Pyarrow will become a required dependency of pandas in the next major release of pandas (pandas 3.0),
(to allow more performant data types, such as the Arrow string type, and better interoperability with other libraries)
but was not found to be installed on your system.
If this would cause problems for you,
please provide us feedback at https://github.com/pandas-dev/pandas/issues/54466
        
  import pandas as pd


In [2]:
# Define a function to calculate the Mean Absolute Percentage Error (MAPE)
def mape(y_pred,y_true):
    # Calculate the absolute percentage error for each prediction
    # np.abs((y_true - y_pred) / y_true) computes the absolute percentage errors
    # np.mean() calculates the average of these errors
    return np.mean(np.abs((y_true - y_pred) / y_true)) * 100 # Return the MAPE as a percentage

In [4]:
# Reading the data from the CSV file
data = pd.read_csv('../model/data/modisTodos.csv', header=0)

# Selecting only the 'latitude' and 'longitude' columns from the dataset
lat_lon_data = data[['latitude', 'longitude']]

In [5]:
# Using Nearest Neighbors to find nearby regions
n_neighbors = 20  # Number of nearby regions to consider
# Initializing the NearestNeighbors model using the 'ball_tree' algorithm and fitting it with the latitude and longitude data
nbrs = NearestNeighbors(n_neighbors=n_neighbors, algorithm='ball_tree').fit(lat_lon_data)
# Finding the distances and indices of the nearest neighbors for each point in the dataset
distances, indices = nbrs.kneighbors(lat_lon_data)

x_data = [] # List to store the x-coordinates or features
y_data = [] # List to store the y-coordinates or target values

In [6]:
# Formatting so that each row of the matrix X consists of the latitudes and longitudes of neighboring regions
for i in range(len(lat_lon_data)):
    # Using the coordinates of neighboring regions as features
    neighbors = lat_lon_data.iloc[indices[i]].values.ravel()  # Getting the latitudes and longitudes of the neighbors
    x_data.append(neighbors)
    y_data.append(lat_lon_data.iloc[i].values)

# Converting the lists to numpy arrays for further processing
x_data = np.array(x_data)
y_data = np.array(y_data)

In [7]:
# Splitting the data into training and testing sets
train_size = int(0.8 * len(x_data))  # Determining the size of the training set (80% of the data)

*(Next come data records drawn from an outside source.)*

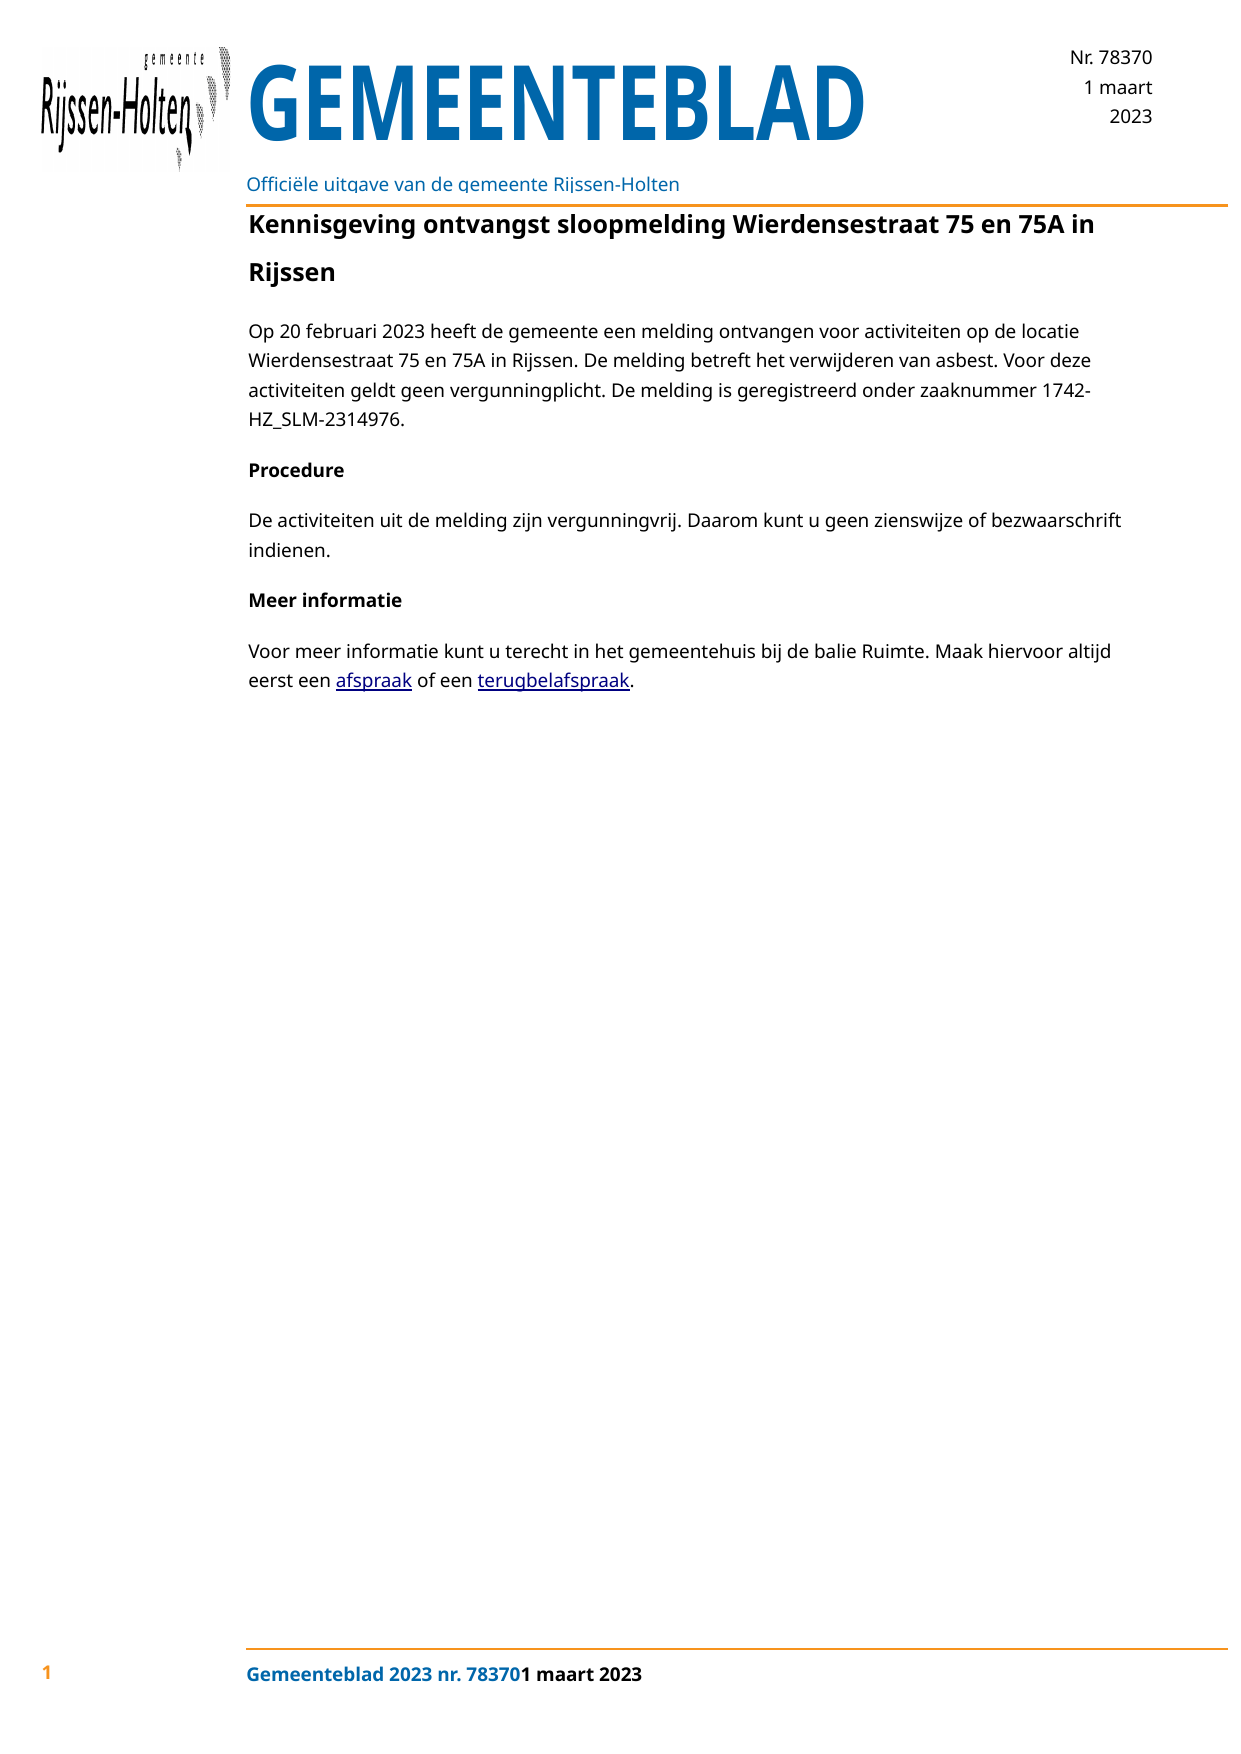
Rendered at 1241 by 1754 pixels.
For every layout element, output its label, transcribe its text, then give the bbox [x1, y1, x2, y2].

text Meer informatie [248, 587, 1152, 613]
text De activiteiten uit de melding zijn vergunningvrij. Daarom kunt u geen zienswijze of bezwaarschrift indienen. [248, 507, 1152, 563]
text Procedure [248, 457, 1152, 483]
text Voor meer informatie kunt u terecht in het gemeentehuis bij de balie Ruimte. Maak hiervoor altijd eerst een afspraak of een terugbelafspraak. [248, 638, 1152, 693]
text Kennisgeving ontvangst sloopmelding Wierdensestraat 75 en 75A in Rijssen [248, 207, 1152, 288]
text Op 20 februari 2023 heeft de gemeente een melding ontvangen voor activiteiten op de locatie Wierdensestraat 75 en 75A in Rijssen. De melding betreft het verwijderen van asbest. Voor deze activiteiten geldt geen vergunningplicht. De melding is geregistreerd onder zaaknummer 1742-HZ_SLM-2314976. [248, 318, 1152, 432]
picture [41, 47, 231, 172]

# Slicing the data arrays into training and testing sets
x_train, x_test = x_data[:train_size], x_data[train_size:]
y_train, y_test = y_data[:train_size], y_data[train_size:]

In [8]:
# Training the Gradient Boosting Regressor model
# Since we are predicting both latitude and longitude (two outputs), we will use two models, one for each variable
model_latitude = GradientBoostingRegressor()
model_longitude = GradientBoostingRegressor()

In [9]:
# Fitting the latitude model with training features and latitude targets
model_latitude.fit(x_train, y_train[:, 0])

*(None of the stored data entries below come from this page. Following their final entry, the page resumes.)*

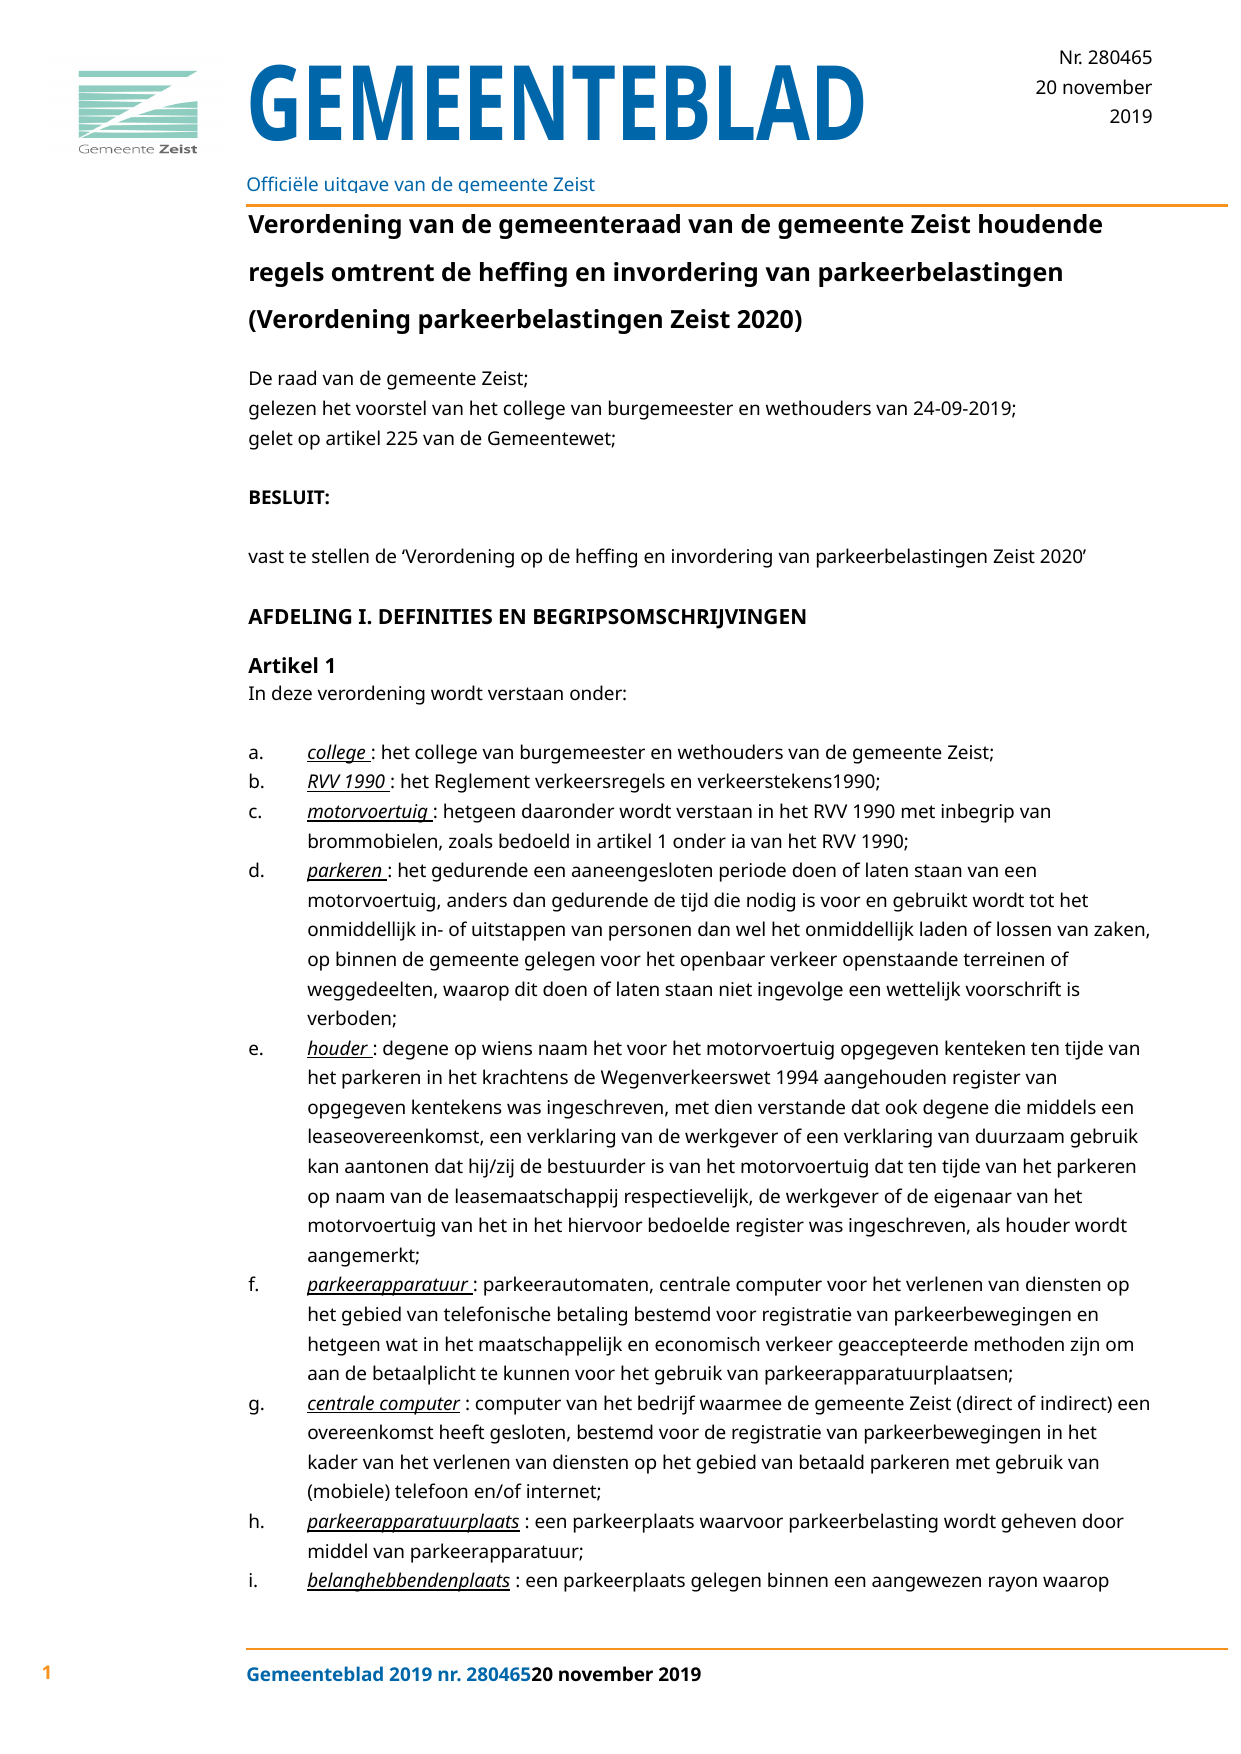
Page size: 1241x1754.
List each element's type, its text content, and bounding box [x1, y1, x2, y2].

list centrale computer : computer van het bedrijf waarmee de gemeente Zeist (direct of indirect) een overeenkomst heeft gesloten, bestemd voor de registratie van parkeerbewegingen in het kader van het verlenen van diensten op het gebied van betaald parkeren met gebruik van (mobiele) telefoon en/of internet; [248, 1390, 1152, 1504]
list belanghebbendenplaats : een parkeerplaats gelegen binnen een aangewezen rayon waarop [248, 1567, 1152, 1593]
text AFDELING I. DEFINITIES EN BEGRIPSOMSCHRIJVINGEN [248, 602, 1152, 631]
text De raad van de gemeente Zeist; [248, 366, 1152, 391]
text BESLUIT: [248, 484, 1152, 509]
list college : het college van burgemeester en wethouders van de gemeente Zeist; [248, 739, 1152, 765]
text In deze verordening wordt verstaan onder: [248, 680, 1152, 706]
list parkeerapparatuur : parkeerautomaten, centrale computer voor het verlenen van diensten op het gebied van telefonische betaling bestemd voor registratie van parkeerbewegingen en hetgeen wat in het maatschappelijk en economisch verkeer geaccepteerde methoden zijn om aan de betaalplicht te kunnen voor het gebruik van parkeerapparatuurplaatsen; [248, 1272, 1152, 1386]
list RVV 1990 : het Reglement verkeersregels en verkeerstekens1990; [248, 769, 1152, 794]
text Artikel 1 [248, 651, 1152, 680]
text vast te stellen de ‘Verordening op de heffing en invordering van parkeerbelastingen Zeist 2020’ [248, 543, 1152, 569]
text gelezen het voorstel van het college van burgemeester en wethouders van 24-09-2019; [248, 395, 1152, 421]
text Verordening van de gemeenteraad van de gemeente Zeist houdende regels omtrent de heffing en invordering van parkeerbelastingen (Verordening parkeerbelastingen Zeist 2020) [248, 207, 1152, 336]
picture [41, 47, 231, 172]
list motorvoertuig : hetgeen daaronder wordt verstaan in het RVV 1990 met inbegrip van brommobielen, zoals bedoeld in artikel 1 onder ia van het RVV 1990; [248, 798, 1152, 853]
text gelet op artikel 225 van de Gemeentewet; [248, 425, 1152, 450]
list parkeerapparatuurplaats : een parkeerplaats waarvoor parkeerbelasting wordt geheven door middel van parkeerapparatuur; [248, 1508, 1152, 1563]
list houder : degene op wiens naam het voor het motorvoertuig opgegeven kenteken ten tijde van het parkeren in het krachtens de Wegenverkeerswet 1994 aangehouden register van opgegeven kentekens was ingeschreven, met dien verstande dat ook degene die middels een leaseovereenkomst, een verklaring van de werkgever of een verklaring van duurzaam gebruik kan aantonen dat hij/zij de bestuurder is van het motorvoertuig dat ten tijde van het parkeren op naam van de leasemaatschappij respectievelijk, de werkgever of de eigenaar van het motorvoertuig van het in het hiervoor bedoelde register was ingeschreven, als houder wordt aangemerkt; [248, 1035, 1152, 1268]
list parkeren : het gedurende een aaneengesloten periode doen of laten staan van een motorvoertuig, anders dan gedurende de tijd die nodig is voor en gebruikt wordt tot het onmiddellijk in- of uitstappen van personen dan wel het onmiddellijk laden of lossen van zaken, op binnen de gemeente gelegen voor het openbaar verkeer openstaande terreinen of weggedeelten, waarop dit doen of laten staan niet ingevolge een wettelijk voorschrift is verboden; [248, 857, 1152, 1031]

# Fitting the longitude model with training features and longitude targets
model_longitude.fit(x_train, y_train[:, 1])

In [10]:
# Making predictions for latitude and longitude using the trained models
y_pred_latitude = model_latitude.predict(x_test)
y_pred_longitude = model_longitude.predict(x_test)

In [11]:
# Stacking the latitude and longitude predictions into a single array
y_pred = np.column_stack((y_pred_latitude, y_pred_longitude))

In [12]:
# Saving the results to a new CSV file
output_df = pd.DataFrame(y_pred, columns=['predicted_latitude', 'predicted_longitude'])
output_df.to_csv('predicted_boosting.csv', index=False)

In [13]:
# Testing the model's performance using Mean Absolute Percentage Error (MAPE) for latitude and longitude
print('\nMean Absolute Percentage Error')
print('MAPE Latitude:', mape(y_pred[:, 0], y_test[:, 0]))
print('MAPE Longitude:', mape(y_pred[:, 1], y_test[:, 1]))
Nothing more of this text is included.